« Pomme de Terre » : la France en terre inconnue

Tous les jours pendant trois ans, Jim Manary passait en voiture devant une petite bodega à trois blocks de chez lui en espérant qu’elle mettrait un jour la clef sous la porte. L’an dernier, le commerce, situé à l’angle de Newkirk Avenue et Argyle Street dans le quartier de Ditmas Park, a déposé le bilan après que son locataire ait été confondu pour vente de drogue. Manary a immédiatement sauté sur l’occasion : « J’adore les angles, dit-il. J’adore les quartiers mi-populaires mi-résidentiels. C’était l’endroit parfait pour ouvrir un restaurant. »

En avril dernier naissait ainsi « Pomme de Terre », le premier bistrot français du quartier, avec sa façade bleue et jaune et son intérieur chaleureux tapissé de vieux posters et d’articles de journaux français. « La bodega était complètement décrépite. Il a fallu tout refaire, se souvient-il, assis en terrasse. Tout sauf le plafond. »

«Designer de restaurants » autoproclamé, Jim Manary n’en est pas à son premier coup d’essai. En 1989, ce diplômé en analyse de risques politiques à Columbia ouvre «un pizza pasta salad bar» à Manhattan. Un premier restaurant d’une longue liste. En cinq ans, Manary en ouvre trois autres, à Chelsea, SoHo et Tribeca. En 1997, de retour d’un voyage d’un an en Europe, il lance, avec son frère, une dizaine de restaurants sur Smith Street – dont « Pâtois » –, à Park Slope et Williamsburg, participant à l’émergence de ces quartiers populaires alors peu pourvus en restaurants. «Á Manhattan, les loyers sont devenus trop chers. Les chefs se prennent pour des stars, raconte-t-il.

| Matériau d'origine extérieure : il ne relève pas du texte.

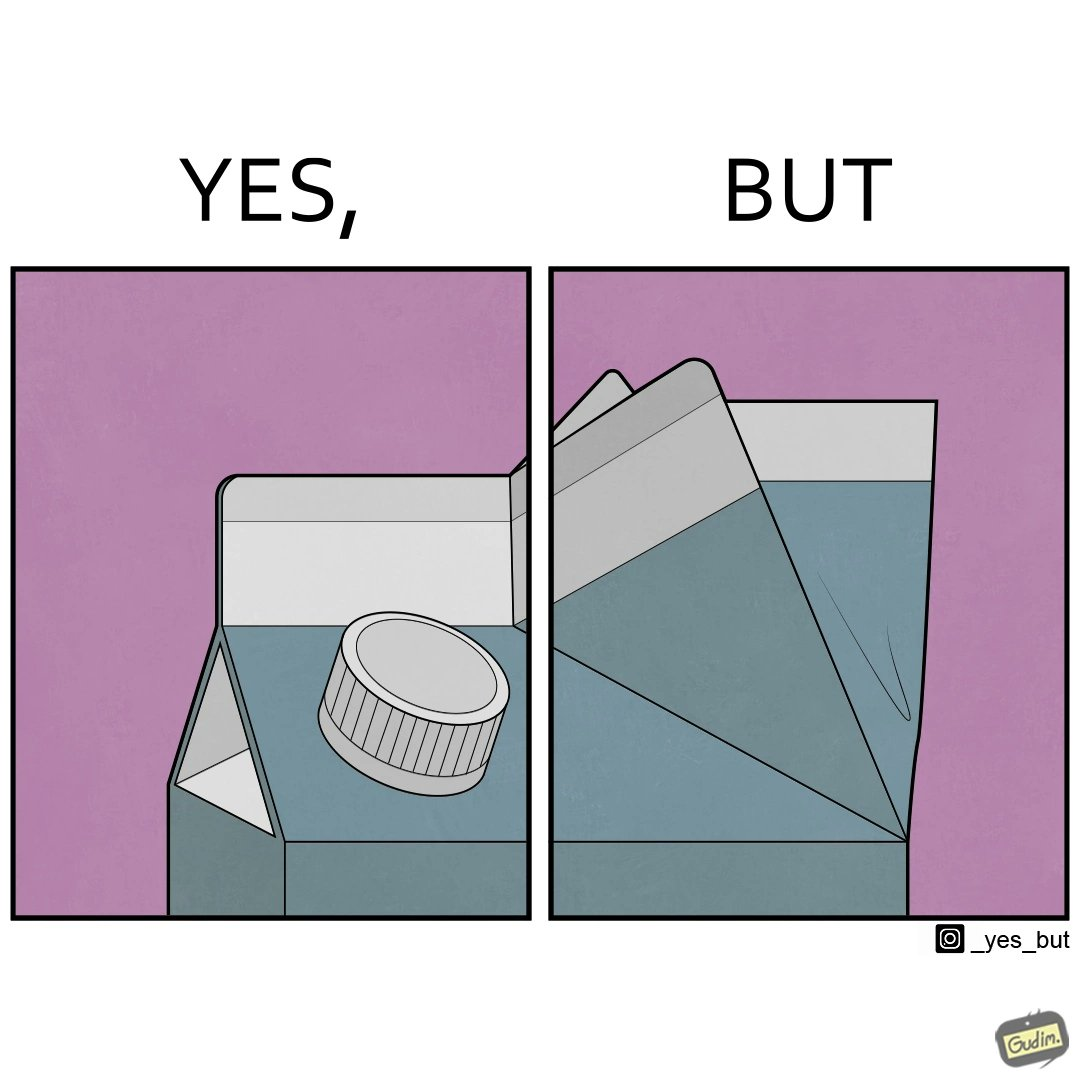Does this image contain satire or humor? Yes, this image is satirical.

C’est à Brooklyn que les choses sérieuses se passent maintenant.»

Nouvelle donne


Arrivé en 2000 à Ditmas Park, Manary rêve à présent de transformer ce quartier de l’Est de Brooklyn en une nouvelle destination culinaire.

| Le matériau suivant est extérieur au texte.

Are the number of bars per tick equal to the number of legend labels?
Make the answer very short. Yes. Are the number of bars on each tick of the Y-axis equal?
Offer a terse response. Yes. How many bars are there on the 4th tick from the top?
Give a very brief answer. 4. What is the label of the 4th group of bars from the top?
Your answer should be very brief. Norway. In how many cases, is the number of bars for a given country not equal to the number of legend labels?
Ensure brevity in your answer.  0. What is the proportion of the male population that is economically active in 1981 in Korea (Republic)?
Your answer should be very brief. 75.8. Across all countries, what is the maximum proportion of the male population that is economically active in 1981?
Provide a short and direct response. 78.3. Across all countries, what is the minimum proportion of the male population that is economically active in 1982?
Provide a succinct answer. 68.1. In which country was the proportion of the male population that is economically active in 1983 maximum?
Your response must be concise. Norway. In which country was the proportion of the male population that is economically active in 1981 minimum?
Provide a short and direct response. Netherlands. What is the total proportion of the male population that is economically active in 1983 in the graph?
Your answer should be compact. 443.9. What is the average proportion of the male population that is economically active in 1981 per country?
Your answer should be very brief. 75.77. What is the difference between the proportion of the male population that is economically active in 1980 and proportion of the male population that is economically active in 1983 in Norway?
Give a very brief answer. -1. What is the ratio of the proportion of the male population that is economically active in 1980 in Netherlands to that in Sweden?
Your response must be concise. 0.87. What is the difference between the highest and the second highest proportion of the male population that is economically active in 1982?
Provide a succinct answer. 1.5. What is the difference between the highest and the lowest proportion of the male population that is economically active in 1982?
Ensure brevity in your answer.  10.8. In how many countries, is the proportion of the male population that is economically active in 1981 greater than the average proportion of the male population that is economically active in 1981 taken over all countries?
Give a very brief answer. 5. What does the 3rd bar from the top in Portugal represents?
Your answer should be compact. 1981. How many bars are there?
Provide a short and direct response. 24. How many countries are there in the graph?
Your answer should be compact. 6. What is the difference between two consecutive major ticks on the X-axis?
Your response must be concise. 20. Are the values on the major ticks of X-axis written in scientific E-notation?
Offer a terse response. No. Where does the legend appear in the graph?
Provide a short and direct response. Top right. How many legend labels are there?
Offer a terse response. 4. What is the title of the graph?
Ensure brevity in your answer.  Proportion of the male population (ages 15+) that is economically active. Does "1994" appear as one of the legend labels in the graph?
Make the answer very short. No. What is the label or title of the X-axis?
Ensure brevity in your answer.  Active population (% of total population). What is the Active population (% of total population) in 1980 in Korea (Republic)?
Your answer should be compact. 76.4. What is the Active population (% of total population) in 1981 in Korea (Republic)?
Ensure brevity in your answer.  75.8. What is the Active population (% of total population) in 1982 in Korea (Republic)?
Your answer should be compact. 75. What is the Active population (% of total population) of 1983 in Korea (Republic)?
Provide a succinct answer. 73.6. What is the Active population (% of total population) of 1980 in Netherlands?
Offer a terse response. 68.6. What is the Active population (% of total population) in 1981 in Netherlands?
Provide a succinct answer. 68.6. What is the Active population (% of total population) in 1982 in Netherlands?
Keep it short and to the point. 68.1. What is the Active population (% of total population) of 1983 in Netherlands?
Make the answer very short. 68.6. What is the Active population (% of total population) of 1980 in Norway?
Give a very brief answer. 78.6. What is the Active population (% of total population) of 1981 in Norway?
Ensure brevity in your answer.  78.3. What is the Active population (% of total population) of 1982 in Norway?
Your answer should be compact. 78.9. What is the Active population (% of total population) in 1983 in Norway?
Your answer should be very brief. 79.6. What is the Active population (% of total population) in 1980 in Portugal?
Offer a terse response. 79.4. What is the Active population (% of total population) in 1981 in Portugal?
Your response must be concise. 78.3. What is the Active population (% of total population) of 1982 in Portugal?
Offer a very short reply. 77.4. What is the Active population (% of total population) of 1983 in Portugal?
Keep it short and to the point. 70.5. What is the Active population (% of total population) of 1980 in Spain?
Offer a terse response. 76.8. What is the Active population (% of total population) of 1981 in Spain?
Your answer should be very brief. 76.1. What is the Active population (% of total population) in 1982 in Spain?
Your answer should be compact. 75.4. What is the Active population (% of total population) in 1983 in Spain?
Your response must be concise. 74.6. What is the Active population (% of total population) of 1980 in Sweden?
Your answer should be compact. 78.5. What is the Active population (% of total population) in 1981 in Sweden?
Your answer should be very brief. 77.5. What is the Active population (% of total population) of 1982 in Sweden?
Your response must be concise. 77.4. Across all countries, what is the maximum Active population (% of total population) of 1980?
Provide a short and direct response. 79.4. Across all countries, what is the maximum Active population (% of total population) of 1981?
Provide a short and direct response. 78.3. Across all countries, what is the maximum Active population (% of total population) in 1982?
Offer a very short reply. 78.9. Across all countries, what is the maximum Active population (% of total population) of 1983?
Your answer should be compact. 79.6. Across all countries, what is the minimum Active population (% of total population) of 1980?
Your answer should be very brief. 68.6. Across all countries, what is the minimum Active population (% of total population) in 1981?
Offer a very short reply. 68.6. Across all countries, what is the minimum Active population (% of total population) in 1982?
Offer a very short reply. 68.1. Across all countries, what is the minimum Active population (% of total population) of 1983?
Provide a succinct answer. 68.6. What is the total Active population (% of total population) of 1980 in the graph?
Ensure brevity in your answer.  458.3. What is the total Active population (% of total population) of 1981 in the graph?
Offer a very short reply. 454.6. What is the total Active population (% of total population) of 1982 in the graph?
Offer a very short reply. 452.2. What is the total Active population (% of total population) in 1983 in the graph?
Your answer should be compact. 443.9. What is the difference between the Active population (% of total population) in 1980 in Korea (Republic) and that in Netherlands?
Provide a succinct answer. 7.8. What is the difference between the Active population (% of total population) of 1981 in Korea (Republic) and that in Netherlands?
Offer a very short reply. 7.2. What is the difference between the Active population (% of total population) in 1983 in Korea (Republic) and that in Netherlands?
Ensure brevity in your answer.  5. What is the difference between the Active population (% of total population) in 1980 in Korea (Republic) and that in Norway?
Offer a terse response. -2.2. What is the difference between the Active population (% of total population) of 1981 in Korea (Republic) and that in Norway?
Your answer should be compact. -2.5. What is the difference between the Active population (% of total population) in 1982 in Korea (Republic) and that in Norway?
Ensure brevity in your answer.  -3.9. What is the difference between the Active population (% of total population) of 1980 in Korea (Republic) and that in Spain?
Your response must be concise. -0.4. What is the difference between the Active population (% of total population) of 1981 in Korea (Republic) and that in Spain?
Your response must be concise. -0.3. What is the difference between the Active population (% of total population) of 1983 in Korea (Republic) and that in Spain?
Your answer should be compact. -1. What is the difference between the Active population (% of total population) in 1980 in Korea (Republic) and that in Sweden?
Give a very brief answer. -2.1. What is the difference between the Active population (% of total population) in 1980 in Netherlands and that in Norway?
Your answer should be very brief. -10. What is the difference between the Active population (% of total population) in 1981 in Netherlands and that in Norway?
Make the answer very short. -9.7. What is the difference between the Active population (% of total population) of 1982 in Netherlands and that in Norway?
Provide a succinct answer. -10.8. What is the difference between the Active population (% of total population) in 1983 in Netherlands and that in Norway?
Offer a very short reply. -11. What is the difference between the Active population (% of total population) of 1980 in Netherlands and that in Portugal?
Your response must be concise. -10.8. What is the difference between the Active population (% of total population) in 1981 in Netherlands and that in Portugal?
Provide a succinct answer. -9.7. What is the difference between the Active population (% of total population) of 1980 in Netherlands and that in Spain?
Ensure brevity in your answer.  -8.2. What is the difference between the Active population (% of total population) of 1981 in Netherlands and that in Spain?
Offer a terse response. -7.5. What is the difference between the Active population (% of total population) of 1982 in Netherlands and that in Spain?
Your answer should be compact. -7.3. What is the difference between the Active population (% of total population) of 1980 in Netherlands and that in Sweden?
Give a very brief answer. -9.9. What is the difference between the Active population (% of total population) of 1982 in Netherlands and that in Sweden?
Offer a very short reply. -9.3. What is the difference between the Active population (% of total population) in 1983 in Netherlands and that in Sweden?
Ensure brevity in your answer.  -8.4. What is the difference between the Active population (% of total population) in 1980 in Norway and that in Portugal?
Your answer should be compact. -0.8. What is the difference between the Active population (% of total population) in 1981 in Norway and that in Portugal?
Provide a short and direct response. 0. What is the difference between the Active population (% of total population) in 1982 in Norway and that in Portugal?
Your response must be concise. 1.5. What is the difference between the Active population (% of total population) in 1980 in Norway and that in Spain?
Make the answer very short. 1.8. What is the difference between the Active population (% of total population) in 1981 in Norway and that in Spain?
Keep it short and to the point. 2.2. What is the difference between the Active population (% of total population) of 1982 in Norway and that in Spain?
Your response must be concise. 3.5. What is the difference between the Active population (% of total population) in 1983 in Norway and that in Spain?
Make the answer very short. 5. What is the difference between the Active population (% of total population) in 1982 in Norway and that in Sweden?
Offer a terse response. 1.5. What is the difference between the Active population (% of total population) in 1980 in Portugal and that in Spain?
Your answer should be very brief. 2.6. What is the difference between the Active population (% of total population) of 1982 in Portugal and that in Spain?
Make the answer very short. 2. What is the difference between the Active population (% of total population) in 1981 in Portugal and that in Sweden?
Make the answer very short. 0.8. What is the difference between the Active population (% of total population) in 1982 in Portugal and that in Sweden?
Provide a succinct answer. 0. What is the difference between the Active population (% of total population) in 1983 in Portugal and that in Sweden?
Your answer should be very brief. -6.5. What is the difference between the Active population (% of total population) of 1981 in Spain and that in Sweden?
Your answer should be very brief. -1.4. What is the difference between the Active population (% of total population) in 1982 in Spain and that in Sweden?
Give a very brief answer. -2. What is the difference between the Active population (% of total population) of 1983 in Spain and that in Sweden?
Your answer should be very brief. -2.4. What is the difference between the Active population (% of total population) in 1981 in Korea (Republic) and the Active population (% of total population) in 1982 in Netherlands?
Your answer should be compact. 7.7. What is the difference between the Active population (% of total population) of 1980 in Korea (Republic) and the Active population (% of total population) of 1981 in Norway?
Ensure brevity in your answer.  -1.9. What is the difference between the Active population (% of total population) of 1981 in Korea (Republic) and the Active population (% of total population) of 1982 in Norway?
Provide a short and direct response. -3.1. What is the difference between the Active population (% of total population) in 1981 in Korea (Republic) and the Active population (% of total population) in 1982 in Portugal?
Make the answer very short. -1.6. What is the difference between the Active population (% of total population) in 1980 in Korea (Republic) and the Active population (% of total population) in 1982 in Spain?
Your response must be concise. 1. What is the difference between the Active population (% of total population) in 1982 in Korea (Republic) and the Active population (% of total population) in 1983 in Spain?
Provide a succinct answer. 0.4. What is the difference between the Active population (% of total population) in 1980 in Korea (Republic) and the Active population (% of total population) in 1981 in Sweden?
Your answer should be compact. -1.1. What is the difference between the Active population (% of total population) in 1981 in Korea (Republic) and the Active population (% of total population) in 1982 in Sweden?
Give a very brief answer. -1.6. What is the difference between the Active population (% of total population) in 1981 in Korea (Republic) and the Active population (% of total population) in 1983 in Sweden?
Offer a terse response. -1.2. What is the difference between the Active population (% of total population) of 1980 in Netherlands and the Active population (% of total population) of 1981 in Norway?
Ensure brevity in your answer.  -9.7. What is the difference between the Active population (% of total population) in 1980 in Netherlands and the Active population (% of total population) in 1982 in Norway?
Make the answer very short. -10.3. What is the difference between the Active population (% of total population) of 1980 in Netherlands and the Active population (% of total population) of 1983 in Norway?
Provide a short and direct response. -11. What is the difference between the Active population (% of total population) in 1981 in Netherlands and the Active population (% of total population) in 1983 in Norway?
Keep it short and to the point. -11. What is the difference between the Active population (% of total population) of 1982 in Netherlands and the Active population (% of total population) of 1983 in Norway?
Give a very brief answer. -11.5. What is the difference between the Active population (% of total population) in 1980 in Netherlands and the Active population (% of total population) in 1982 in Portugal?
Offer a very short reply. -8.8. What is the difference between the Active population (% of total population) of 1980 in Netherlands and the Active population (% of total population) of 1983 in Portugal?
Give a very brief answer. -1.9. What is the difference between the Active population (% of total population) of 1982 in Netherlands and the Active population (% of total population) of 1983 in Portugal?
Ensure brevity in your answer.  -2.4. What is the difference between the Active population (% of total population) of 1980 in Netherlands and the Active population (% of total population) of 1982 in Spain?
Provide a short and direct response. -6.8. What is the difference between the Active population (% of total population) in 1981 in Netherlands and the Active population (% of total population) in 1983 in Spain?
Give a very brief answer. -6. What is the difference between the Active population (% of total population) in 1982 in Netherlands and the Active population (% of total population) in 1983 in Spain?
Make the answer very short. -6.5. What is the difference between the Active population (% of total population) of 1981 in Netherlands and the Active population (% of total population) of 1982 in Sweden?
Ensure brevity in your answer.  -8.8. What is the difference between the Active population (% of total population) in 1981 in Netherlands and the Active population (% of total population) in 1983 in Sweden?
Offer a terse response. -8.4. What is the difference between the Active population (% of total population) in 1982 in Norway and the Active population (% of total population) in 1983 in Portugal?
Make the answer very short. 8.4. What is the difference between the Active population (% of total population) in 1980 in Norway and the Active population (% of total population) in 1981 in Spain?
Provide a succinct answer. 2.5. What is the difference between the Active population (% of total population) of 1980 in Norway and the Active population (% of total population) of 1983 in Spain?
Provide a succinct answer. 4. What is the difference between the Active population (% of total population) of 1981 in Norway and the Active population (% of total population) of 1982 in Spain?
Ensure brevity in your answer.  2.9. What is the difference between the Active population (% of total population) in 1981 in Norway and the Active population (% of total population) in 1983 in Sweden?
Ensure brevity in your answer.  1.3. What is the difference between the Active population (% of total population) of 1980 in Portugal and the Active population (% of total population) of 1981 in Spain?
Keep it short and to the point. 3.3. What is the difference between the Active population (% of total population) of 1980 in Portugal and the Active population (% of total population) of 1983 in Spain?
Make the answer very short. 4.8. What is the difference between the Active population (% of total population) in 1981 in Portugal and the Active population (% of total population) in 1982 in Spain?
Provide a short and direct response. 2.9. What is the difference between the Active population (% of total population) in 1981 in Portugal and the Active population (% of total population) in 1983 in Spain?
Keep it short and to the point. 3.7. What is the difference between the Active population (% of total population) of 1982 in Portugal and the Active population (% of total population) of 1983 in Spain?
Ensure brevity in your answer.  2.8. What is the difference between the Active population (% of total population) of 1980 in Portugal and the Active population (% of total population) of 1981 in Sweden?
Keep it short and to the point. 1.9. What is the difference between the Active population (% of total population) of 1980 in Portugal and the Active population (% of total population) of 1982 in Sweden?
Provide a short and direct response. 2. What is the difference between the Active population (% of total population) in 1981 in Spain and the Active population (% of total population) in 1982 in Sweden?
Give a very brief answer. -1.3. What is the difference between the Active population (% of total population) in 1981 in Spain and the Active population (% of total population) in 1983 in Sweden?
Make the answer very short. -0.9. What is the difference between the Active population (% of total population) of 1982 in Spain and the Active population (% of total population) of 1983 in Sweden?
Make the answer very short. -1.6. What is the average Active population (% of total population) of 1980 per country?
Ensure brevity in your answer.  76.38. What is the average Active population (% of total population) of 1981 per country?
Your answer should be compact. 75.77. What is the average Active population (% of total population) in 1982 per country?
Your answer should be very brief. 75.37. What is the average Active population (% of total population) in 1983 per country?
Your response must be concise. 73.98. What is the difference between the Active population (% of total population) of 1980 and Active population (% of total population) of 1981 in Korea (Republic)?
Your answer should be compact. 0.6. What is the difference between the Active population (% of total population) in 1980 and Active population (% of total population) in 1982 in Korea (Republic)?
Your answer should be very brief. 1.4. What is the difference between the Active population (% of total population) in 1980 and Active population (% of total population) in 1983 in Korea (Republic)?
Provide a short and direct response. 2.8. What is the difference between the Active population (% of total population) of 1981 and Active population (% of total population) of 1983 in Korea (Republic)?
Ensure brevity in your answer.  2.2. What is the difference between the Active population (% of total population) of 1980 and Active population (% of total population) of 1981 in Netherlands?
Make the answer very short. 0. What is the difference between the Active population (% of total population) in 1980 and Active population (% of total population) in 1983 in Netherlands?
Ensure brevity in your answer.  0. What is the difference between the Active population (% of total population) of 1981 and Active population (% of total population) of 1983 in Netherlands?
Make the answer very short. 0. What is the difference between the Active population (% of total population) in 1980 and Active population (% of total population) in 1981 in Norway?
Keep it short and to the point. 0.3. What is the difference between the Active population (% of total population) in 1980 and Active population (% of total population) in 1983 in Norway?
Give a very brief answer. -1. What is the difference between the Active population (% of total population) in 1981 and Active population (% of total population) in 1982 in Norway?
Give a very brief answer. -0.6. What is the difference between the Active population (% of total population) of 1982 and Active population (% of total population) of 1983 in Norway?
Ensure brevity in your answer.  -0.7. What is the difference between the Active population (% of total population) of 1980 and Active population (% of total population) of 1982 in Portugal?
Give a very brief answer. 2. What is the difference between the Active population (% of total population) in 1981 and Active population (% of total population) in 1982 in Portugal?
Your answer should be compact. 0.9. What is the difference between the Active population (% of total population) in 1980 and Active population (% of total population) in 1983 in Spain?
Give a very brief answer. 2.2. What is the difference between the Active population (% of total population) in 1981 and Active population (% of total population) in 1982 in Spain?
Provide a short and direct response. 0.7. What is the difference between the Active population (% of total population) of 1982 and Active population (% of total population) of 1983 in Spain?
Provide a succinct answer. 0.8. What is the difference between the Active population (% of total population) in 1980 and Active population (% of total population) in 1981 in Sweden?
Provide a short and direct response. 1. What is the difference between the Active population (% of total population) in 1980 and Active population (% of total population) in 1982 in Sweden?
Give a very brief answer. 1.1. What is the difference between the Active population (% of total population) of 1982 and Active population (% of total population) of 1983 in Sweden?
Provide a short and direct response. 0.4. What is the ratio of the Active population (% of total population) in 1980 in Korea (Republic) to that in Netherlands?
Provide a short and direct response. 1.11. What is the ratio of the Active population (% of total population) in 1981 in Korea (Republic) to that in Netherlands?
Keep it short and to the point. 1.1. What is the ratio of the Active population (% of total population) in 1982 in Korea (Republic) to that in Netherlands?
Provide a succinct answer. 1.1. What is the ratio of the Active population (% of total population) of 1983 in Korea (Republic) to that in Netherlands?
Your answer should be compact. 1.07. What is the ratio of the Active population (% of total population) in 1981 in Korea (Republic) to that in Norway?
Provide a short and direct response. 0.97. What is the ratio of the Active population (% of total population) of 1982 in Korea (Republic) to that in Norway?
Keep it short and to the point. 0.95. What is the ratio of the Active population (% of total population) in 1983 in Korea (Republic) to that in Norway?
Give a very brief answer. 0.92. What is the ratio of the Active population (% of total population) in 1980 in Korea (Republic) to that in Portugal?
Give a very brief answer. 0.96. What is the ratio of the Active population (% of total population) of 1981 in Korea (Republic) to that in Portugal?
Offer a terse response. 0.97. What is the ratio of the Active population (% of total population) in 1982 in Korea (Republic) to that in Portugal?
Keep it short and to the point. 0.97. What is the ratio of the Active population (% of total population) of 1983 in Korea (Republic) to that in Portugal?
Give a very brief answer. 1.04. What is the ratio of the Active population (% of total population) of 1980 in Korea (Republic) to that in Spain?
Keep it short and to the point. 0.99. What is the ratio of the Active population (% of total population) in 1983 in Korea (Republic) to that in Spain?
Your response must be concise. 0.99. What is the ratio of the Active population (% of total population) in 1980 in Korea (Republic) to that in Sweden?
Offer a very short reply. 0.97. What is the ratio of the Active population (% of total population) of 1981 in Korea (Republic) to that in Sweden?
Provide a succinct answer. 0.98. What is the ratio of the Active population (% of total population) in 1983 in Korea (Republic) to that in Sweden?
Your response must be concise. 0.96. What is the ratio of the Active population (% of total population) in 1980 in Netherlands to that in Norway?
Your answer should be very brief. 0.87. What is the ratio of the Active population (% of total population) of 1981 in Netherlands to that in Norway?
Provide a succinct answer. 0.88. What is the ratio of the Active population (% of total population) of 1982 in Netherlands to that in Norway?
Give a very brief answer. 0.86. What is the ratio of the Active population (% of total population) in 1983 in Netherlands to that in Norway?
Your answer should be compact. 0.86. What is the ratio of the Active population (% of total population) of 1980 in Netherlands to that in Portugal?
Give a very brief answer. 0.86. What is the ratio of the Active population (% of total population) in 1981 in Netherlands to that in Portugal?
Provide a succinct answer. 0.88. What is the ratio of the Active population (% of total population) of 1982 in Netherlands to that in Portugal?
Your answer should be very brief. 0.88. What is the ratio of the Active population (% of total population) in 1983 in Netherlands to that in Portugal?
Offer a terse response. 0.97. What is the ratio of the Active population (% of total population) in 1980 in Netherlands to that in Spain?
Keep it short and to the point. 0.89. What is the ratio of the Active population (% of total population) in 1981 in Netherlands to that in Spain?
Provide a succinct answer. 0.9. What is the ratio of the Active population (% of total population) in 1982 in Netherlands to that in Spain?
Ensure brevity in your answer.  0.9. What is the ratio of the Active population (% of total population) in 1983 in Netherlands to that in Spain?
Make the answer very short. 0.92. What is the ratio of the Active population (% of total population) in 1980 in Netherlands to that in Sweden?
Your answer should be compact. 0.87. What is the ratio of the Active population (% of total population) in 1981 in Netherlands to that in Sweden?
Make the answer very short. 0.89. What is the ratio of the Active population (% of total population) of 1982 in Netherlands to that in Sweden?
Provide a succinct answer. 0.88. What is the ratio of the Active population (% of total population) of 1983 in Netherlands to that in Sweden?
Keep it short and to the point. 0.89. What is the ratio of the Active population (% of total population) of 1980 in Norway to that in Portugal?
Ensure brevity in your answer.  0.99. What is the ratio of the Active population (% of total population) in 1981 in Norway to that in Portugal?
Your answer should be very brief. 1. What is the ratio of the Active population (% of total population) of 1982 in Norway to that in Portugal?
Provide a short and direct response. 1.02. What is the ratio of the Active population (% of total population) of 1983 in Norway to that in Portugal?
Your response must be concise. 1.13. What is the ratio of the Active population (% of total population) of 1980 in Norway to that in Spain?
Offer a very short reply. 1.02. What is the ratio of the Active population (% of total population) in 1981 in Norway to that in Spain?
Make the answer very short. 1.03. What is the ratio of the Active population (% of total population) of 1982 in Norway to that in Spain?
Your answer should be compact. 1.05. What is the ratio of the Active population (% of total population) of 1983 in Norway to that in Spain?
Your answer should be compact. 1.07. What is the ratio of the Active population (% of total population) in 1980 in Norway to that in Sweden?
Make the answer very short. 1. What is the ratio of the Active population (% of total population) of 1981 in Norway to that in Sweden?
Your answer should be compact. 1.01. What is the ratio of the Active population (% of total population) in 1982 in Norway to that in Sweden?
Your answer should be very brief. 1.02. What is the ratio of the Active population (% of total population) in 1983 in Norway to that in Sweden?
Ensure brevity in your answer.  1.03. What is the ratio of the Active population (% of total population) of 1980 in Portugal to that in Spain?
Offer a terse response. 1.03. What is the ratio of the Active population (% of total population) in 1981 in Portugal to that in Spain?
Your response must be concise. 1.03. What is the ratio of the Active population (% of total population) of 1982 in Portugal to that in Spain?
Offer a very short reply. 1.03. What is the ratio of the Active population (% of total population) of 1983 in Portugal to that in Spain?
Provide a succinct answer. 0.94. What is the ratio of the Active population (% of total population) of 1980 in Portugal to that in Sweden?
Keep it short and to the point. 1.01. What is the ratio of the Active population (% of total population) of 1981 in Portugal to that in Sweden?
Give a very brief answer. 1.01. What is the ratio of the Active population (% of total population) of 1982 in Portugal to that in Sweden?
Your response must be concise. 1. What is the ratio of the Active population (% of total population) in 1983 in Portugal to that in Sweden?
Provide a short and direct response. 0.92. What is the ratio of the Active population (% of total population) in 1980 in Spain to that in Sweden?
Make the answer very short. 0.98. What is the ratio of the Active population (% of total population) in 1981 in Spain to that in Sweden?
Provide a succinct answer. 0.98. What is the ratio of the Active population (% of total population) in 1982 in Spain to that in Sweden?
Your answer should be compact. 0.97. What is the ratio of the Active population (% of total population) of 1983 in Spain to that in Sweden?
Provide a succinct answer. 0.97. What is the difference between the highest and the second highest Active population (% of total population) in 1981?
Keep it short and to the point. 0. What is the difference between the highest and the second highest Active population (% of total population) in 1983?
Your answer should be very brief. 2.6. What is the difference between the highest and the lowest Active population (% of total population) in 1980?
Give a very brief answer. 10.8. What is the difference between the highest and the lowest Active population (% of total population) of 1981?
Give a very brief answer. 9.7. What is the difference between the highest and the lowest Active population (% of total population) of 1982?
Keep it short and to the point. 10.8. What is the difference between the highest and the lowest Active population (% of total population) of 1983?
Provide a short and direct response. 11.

Majoritairement peuplé d’immigrés pakistanais, indiens et bangladais, Ditmas Park est resté jusqu’à aujourd’hui le terrain de jeu de petites bodegas et de restaurants indiens. Mais depuis trois ans, ce quartier en plein boom accueille des familles, des artistes et des jeunes professionnels fuyant les prix prohibitifs de Manhattan et du Nord-Ouest de Brooklyn. «Je n’aurais même pas investi dans cet endroit il y a trois ans, explique Jim Manary. Mais la démographie change rapidement. De nouvelles familles sont arrivées. Et la clientèle est au rendez-vous.»

Avec cette nouvelle donne, la nourriture occidentale trouve progressivement droit de cité à Ditmas Park. Un restaurant grec a élu domicile à quelques blocks de « Pomme de Terre ». Ouvert il y a deux ans, le restaurant américain de Gary Jonas et Allison McDowell « The Farm on Adderley » connaît aujourd’hui encore un succès retentissant. «Je pensais que ça ne marcherait jamais. J’ai eu tort,» avoue Manary, qui avait alors déconseillé à Jonas d’ouvrir le restaurant. «Ca a été pour moi un indicateur que les choses étaient en train de changer. »

Dès l’ouverture de « Pomme de Terre », le succès a été au rendez-vous. Le restaurant de 40 places a été pris d’assaut par les curieux, alertés par le « buzz » des bloggeurs du quartier. «La nourriture française et l’atmosphère dans les restaurants français plaisent beaucoup à New York, explique Jim Manary. Nous voulions recréer cette atmosphère mais en proposant une nourriture plus accessible que ce que l’on trouverait normalement en France.»

Dans la cuisine ce samedi soir, après un service haletant – le restaurant était plein – il rêvait déjà d’autres territoires à conquérir. «Je n’ai jamais été chef, dit-il. Je ne connais pas grand-chose à la nourriture mais je sais faire des restaurants.»